__Problem details__:
What you return should be the lines of the data containing "bounding", each in full.

__Material supplied__:
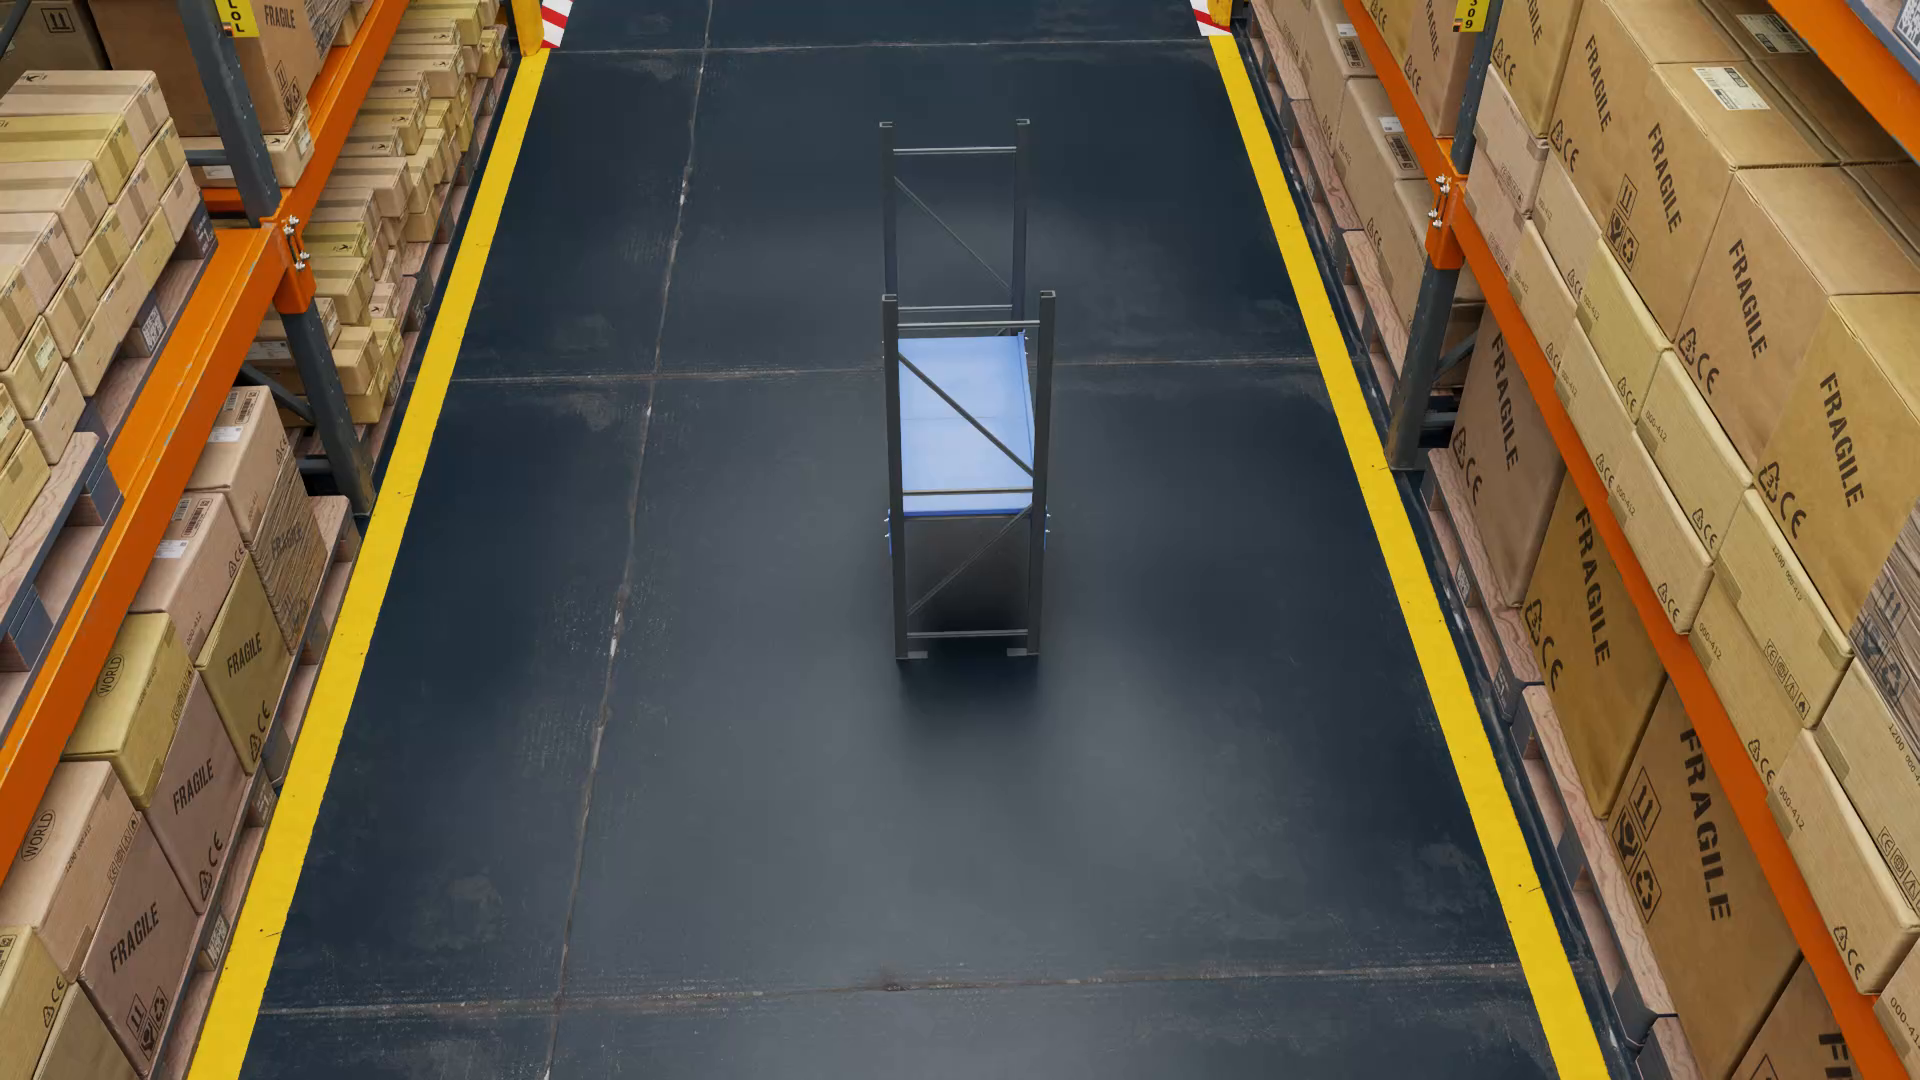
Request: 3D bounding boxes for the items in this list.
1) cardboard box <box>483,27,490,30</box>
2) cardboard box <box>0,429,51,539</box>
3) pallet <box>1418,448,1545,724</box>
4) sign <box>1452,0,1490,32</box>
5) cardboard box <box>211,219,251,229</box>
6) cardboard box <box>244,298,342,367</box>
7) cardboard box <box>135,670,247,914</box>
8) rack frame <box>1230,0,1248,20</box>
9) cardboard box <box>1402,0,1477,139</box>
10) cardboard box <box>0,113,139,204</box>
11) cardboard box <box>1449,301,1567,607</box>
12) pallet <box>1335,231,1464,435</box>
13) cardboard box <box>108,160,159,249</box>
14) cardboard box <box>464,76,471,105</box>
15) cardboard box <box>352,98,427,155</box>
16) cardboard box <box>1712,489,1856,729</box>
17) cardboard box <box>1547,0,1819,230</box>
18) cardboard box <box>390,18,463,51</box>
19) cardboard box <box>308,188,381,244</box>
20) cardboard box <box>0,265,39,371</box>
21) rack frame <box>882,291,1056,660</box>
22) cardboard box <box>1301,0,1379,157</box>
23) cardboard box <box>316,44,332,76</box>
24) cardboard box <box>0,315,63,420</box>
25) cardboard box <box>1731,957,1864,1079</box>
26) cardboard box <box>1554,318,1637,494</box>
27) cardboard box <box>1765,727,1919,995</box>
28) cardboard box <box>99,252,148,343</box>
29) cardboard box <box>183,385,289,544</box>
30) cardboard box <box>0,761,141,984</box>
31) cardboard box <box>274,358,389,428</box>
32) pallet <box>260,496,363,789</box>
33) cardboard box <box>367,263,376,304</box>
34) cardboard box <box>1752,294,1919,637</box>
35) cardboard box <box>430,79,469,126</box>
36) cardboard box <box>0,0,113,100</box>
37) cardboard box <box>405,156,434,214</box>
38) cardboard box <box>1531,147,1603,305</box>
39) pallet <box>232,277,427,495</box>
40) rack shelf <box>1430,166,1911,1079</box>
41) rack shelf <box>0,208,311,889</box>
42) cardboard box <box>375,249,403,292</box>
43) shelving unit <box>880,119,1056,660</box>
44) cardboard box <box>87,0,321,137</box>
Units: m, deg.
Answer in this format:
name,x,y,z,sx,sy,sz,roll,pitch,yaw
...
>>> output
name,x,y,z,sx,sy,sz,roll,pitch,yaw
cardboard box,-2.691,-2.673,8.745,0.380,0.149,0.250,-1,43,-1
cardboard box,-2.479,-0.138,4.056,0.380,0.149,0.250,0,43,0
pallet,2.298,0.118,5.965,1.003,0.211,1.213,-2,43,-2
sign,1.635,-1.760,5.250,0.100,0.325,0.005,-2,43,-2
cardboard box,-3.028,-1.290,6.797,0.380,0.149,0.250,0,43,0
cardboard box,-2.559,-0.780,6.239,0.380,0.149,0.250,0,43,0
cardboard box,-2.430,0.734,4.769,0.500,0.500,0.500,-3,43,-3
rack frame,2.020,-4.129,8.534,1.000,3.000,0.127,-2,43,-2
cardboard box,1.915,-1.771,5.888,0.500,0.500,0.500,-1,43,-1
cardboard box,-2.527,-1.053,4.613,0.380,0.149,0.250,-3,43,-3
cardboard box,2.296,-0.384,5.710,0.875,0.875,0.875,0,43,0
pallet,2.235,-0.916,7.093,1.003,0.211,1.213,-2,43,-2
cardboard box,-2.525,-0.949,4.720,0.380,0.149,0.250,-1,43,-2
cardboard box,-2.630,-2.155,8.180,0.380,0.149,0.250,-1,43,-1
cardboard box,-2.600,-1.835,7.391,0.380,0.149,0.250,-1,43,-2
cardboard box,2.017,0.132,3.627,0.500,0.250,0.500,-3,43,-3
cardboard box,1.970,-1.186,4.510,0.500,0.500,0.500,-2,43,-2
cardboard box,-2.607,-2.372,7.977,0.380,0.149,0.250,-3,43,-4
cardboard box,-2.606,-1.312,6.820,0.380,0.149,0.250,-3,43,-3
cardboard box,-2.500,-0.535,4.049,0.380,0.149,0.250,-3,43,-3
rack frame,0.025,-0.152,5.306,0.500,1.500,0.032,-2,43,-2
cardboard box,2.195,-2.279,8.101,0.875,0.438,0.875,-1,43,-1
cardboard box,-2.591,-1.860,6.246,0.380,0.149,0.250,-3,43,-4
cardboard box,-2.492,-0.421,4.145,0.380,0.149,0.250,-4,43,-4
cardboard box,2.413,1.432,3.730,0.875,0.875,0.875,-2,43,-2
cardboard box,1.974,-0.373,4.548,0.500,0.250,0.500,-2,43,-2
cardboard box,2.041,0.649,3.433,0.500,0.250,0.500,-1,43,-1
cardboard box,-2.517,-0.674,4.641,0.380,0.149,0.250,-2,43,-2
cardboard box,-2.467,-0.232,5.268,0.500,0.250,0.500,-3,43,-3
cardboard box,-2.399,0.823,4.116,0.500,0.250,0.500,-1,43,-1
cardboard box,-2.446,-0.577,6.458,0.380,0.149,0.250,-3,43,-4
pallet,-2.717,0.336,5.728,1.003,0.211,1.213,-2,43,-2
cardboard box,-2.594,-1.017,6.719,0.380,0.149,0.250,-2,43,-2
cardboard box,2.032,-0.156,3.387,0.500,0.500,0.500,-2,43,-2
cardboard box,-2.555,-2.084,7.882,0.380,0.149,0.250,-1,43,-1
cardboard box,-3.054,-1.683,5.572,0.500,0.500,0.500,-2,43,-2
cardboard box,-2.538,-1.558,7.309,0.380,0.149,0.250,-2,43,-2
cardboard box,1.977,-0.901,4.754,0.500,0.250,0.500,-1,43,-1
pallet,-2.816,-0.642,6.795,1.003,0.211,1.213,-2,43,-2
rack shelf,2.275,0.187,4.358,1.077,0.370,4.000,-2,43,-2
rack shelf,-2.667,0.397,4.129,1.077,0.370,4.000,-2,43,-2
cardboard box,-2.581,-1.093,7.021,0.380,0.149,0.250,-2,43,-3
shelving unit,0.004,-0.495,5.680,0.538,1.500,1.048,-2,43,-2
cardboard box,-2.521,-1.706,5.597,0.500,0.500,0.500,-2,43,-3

--

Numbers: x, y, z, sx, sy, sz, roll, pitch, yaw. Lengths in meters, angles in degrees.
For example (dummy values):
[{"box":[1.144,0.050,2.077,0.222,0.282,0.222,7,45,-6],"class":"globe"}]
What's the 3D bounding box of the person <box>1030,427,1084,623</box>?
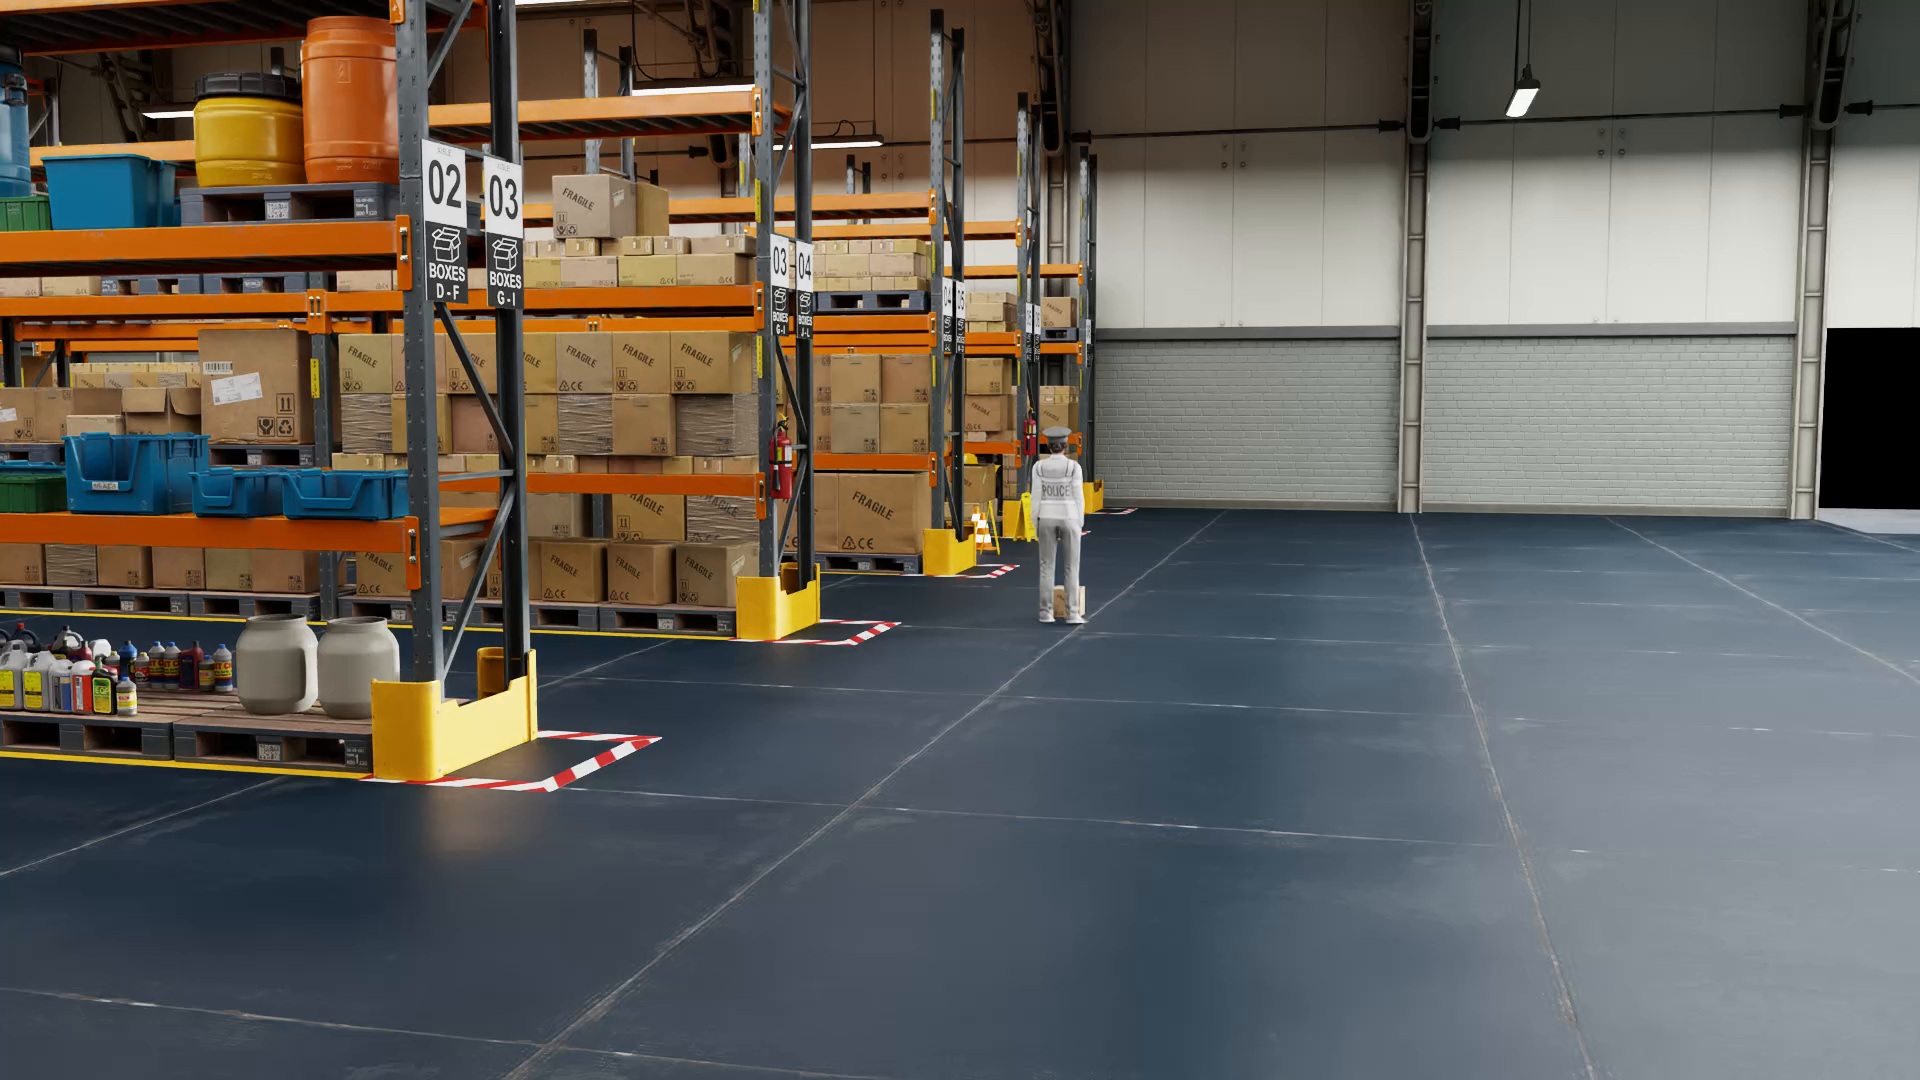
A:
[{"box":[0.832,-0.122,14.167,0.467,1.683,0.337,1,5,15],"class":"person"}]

__Response below__:
Request: 3D bounding boxes for the items in this list.
What's the 3D bounding box of the person <box>1030,427,1084,623</box>?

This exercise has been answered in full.